Cabezón E, Runswick M J, Leslie A G, Walker J E
The Medical Research Council Dunn Human Nutrition Unit, Hills Road, Cambridge CB2 2XY, UK.
EMBO J. 2001 Dec 17;20(24):6990-6. doi: 10.1093/emboj/20.24.6990.
In mitochondria, the hydrolytic activity of ATP synthase is regulated by an inhibitor protein, IF(1). Its binding to ATP synthase depends on pH, and below neutrality, IF(1) is dimeric and forms a stable complex with the enzyme. At higher pH values, IF(1) forms tetramers and is inactive. In the 2.2 A structure of the bovine IF(1) described here, the four monomers in the asymmetric unit are arranged as a dimer of dimers. Monomers form dimers via an antiparallel alpha-helical coiled coil in the C-terminal region. Dimers are associated into oligomers and form long fibres in the crystal lattice, via coiled-coil interactions in the N-terminal and inhibitory regions (residues 14-47). Therefore, tetramer formation masks the inhibitory region, preventing IF(1) binding to ATP synthase.

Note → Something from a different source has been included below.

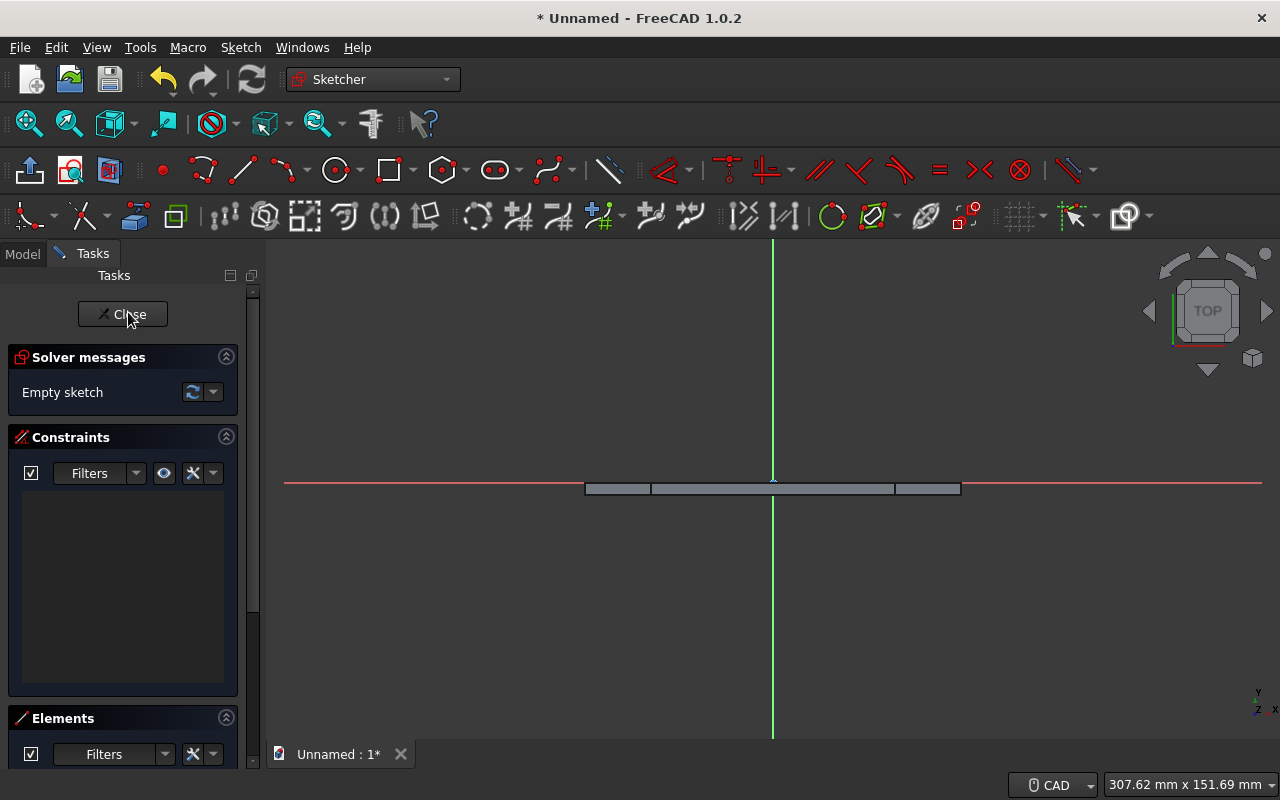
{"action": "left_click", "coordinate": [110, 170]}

在线粒体中,ATP合酶的水解活性受抑制蛋白IF(1)调控。它与ATP合酶的结合取决于pH值,在中性pH以下,IF(1)呈二聚体形式,并与该酶形成稳定复合物。在较高pH值时,IF(1)形成四聚体且无活性。在此处描述的牛IF(1)的2.2埃结构中,不对称单元中的四个单体排列成二聚体的二聚体。单体通过C端区域的反平行α-螺旋卷曲螺旋形成二聚体。二聚体通过N端和抑制区域(第14至47位残基)中的卷曲螺旋相互作用聚合成寡聚体,并在晶格中形成长纤维。因此,四聚体的形成掩盖了抑制区域,阻止IF(1)与ATP合酶结合。